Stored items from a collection
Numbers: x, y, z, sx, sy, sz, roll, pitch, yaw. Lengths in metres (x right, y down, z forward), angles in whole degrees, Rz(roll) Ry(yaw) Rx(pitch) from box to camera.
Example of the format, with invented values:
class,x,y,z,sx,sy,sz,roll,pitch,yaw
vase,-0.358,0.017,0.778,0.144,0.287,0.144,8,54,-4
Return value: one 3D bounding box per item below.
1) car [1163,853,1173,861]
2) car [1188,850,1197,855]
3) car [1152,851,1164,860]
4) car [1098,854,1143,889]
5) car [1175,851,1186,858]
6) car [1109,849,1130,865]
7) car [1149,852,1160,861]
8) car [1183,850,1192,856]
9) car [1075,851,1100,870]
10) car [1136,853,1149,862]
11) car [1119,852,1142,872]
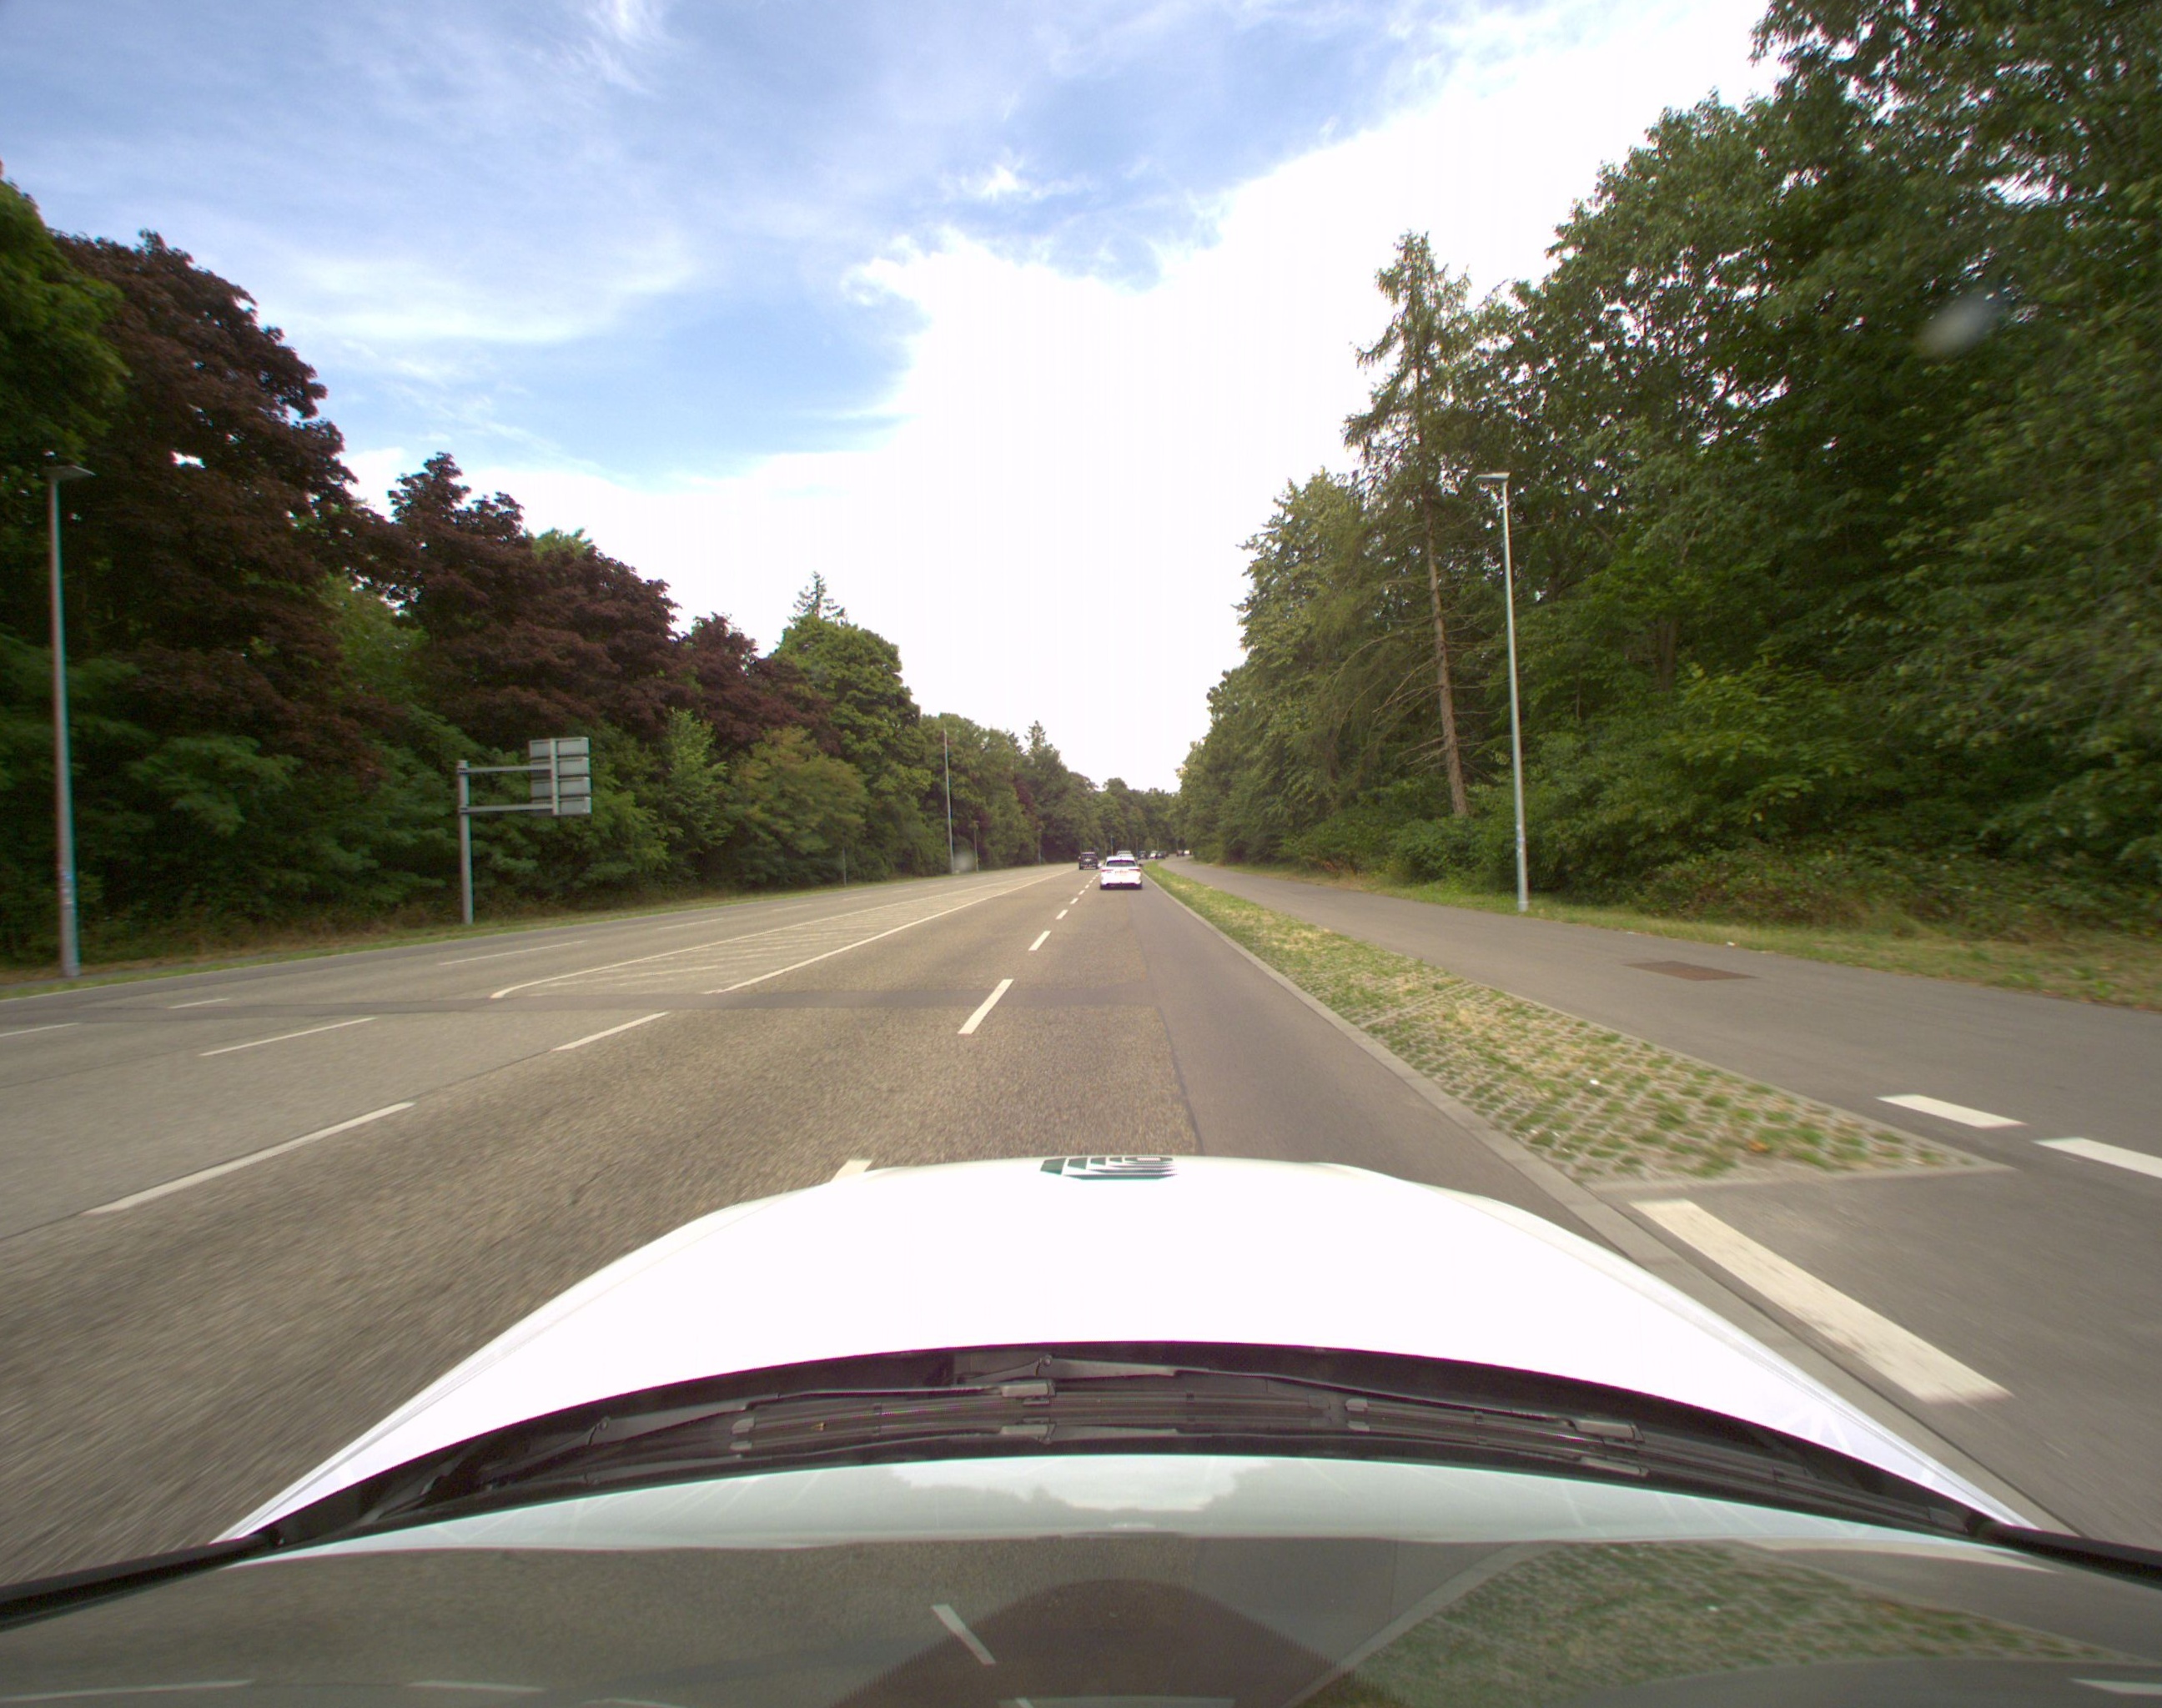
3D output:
class,x,y,z,sx,sy,sz,roll,pitch,yaw
car,21.124,0.795,197.855,1.980,1.783,4.014,0,-1,13
car,31.758,-0.521,232.048,1.979,1.409,4.015,0,-1,15
car,15.323,0.269,161.615,1.981,1.783,4.012,0,-1,11
car,1.723,0.755,35.729,1.829,1.410,4.492,0,-1,2
car,25.229,0.071,206.195,1.978,1.783,4.017,0,-1,17
car,4.028,0.289,84.564,1.983,1.607,4.008,0,1,6
car,16.367,0.548,180.568,1.980,1.783,4.014,0,-1,13
car,32.100,-0.282,245.996,1.873,1.816,4.018,0,-1,18
car,0.680,0.628,78.069,1.984,1.787,4.006,0,-1,6
car,12.204,0.740,160.920,1.981,1.783,4.012,0,-1,11
car,3.707,0.629,60.920,1.628,1.420,4.005,0,-1,5

- Description of the task
Print the records above again exactly. Leave out the images.

- Completed exercise
Numbers: x, y, z, sx, sy, sz, roll, pitch, yaw. Lengths in metres (x right, y down, z forward), angles in whole degrees, Rz(roll) Ry(yaw) Rx(pitch) from box to camera.
Example of the format, with invented values:
class,x,y,z,sx,sy,sz,roll,pitch,yaw
vase,-0.358,0.017,0.778,0.144,0.287,0.144,8,54,-4
Return value: one 3D bounding box per item below.
1) car [1163,853,1173,861]
2) car [1188,850,1197,855]
3) car [1152,851,1164,860]
4) car [1098,854,1143,889]
5) car [1175,851,1186,858]
6) car [1109,849,1130,865]
7) car [1149,852,1160,861]
8) car [1183,850,1192,856]
9) car [1075,851,1100,870]
10) car [1136,853,1149,862]
11) car [1119,852,1142,872]
3D output:
class,x,y,z,sx,sy,sz,roll,pitch,yaw
car,21.124,0.795,197.855,1.980,1.783,4.014,0,-1,13
car,31.758,-0.521,232.048,1.979,1.409,4.015,0,-1,15
car,15.323,0.269,161.615,1.981,1.783,4.012,0,-1,11
car,1.723,0.755,35.729,1.829,1.410,4.492,0,-1,2
car,25.229,0.071,206.195,1.978,1.783,4.017,0,-1,17
car,4.028,0.289,84.564,1.983,1.607,4.008,0,1,6
car,16.367,0.548,180.568,1.980,1.783,4.014,0,-1,13
car,32.100,-0.282,245.996,1.873,1.816,4.018,0,-1,18
car,0.680,0.628,78.069,1.984,1.787,4.006,0,-1,6
car,12.204,0.740,160.920,1.981,1.783,4.012,0,-1,11
car,3.707,0.629,60.920,1.628,1.420,4.005,0,-1,5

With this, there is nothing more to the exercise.